Word for word, the data below must be repeated in full; no picture is to be included.

Stored items

#####

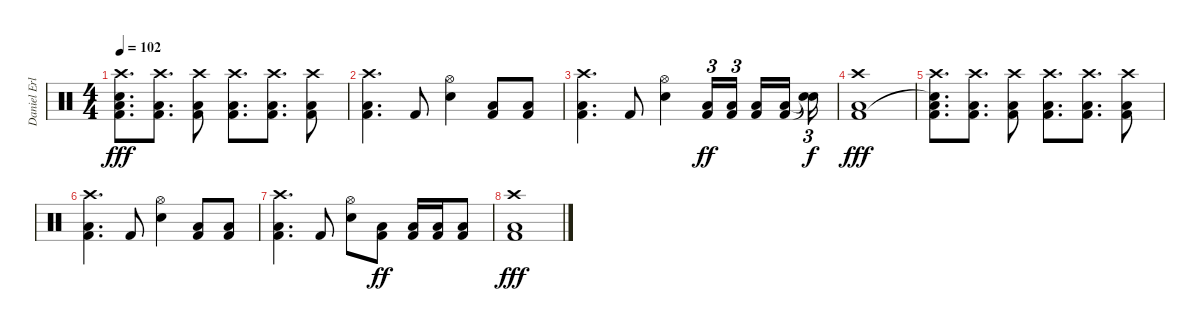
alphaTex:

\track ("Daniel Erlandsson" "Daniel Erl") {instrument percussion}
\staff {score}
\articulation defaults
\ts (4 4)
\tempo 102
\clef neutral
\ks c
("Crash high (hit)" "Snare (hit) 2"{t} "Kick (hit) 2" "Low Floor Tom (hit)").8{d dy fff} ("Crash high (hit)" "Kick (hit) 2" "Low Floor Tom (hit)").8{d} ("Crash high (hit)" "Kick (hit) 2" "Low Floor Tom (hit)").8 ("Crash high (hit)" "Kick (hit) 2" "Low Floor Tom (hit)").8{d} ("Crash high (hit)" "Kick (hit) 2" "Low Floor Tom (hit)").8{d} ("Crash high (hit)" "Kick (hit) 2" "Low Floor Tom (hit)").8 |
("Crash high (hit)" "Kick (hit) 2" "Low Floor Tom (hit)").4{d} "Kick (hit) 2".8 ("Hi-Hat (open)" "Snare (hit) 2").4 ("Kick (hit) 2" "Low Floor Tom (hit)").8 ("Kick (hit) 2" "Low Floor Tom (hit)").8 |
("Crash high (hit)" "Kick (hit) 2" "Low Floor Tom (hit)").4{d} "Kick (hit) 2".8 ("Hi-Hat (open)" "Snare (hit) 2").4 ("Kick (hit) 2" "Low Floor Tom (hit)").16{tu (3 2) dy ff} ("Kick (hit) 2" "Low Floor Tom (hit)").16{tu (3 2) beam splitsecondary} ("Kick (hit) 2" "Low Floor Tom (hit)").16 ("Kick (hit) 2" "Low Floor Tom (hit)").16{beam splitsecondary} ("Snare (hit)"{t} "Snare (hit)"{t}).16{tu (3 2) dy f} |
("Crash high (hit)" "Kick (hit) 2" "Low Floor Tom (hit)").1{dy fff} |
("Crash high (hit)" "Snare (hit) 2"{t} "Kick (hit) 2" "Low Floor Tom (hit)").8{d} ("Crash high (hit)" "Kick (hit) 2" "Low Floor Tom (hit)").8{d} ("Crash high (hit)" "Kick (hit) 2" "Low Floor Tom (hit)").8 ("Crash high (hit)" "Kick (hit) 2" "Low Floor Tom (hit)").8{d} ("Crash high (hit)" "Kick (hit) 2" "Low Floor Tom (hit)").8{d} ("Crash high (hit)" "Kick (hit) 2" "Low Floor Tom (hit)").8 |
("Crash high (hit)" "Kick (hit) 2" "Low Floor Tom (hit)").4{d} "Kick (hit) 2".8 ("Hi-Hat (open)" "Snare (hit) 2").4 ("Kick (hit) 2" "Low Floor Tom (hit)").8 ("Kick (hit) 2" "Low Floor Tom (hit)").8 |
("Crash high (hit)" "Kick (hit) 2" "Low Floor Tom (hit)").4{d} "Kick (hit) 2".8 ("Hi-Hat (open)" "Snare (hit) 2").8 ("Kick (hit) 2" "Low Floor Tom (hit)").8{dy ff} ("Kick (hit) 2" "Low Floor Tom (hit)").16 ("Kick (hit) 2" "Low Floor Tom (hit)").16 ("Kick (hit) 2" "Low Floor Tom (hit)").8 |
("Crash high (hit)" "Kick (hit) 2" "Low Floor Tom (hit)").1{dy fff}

#####

▶ _Answer for this exercise_:
alphaTex:

\track ("Daniel Erlandsson" "Daniel Erl") {instrument percussion}
\staff {score}
\articulation defaults
\ts (4 4)
\tempo 102
\clef neutral
\ks c
("Crash high (hit)" "Snare (hit) 2"{t} "Kick (hit) 2" "Low Floor Tom (hit)").8{d dy fff} ("Crash high (hit)" "Kick (hit) 2" "Low Floor Tom (hit)").8{d} ("Crash high (hit)" "Kick (hit) 2" "Low Floor Tom (hit)").8 ("Crash high (hit)" "Kick (hit) 2" "Low Floor Tom (hit)").8{d} ("Crash high (hit)" "Kick (hit) 2" "Low Floor Tom (hit)").8{d} ("Crash high (hit)" "Kick (hit) 2" "Low Floor Tom (hit)").8 |
("Crash high (hit)" "Kick (hit) 2" "Low Floor Tom (hit)").4{d} "Kick (hit) 2".8 ("Hi-Hat (open)" "Snare (hit) 2").4 ("Kick (hit) 2" "Low Floor Tom (hit)").8 ("Kick (hit) 2" "Low Floor Tom (hit)").8 |
("Crash high (hit)" "Kick (hit) 2" "Low Floor Tom (hit)").4{d} "Kick (hit) 2".8 ("Hi-Hat (open)" "Snare (hit) 2").4 ("Kick (hit) 2" "Low Floor Tom (hit)").16{tu (3 2) dy ff} ("Kick (hit) 2" "Low Floor Tom (hit)").16{tu (3 2) beam splitsecondary} ("Kick (hit) 2" "Low Floor Tom (hit)").16 ("Kick (hit) 2" "Low Floor Tom (hit)").16{beam splitsecondary} ("Snare (hit)"{t} "Snare (hit)"{t}).16{tu (3 2) dy f} |
("Crash high (hit)" "Kick (hit) 2" "Low Floor Tom (hit)").1{dy fff} |
("Crash high (hit)" "Snare (hit) 2"{t} "Kick (hit) 2" "Low Floor Tom (hit)").8{d} ("Crash high (hit)" "Kick (hit) 2" "Low Floor Tom (hit)").8{d} ("Crash high (hit)" "Kick (hit) 2" "Low Floor Tom (hit)").8 ("Crash high (hit)" "Kick (hit) 2" "Low Floor Tom (hit)").8{d} ("Crash high (hit)" "Kick (hit) 2" "Low Floor Tom (hit)").8{d} ("Crash high (hit)" "Kick (hit) 2" "Low Floor Tom (hit)").8 |
("Crash high (hit)" "Kick (hit) 2" "Low Floor Tom (hit)").4{d} "Kick (hit) 2".8 ("Hi-Hat (open)" "Snare (hit) 2").4 ("Kick (hit) 2" "Low Floor Tom (hit)").8 ("Kick (hit) 2" "Low Floor Tom (hit)").8 |
("Crash high (hit)" "Kick (hit) 2" "Low Floor Tom (hit)").4{d} "Kick (hit) 2".8 ("Hi-Hat (open)" "Snare (hit) 2").8 ("Kick (hit) 2" "Low Floor Tom (hit)").8{dy ff} ("Kick (hit) 2" "Low Floor Tom (hit)").16 ("Kick (hit) 2" "Low Floor Tom (hit)").16 ("Kick (hit) 2" "Low Floor Tom (hit)").8 |
("Crash high (hit)" "Kick (hit) 2" "Low Floor Tom (hit)").1{dy fff}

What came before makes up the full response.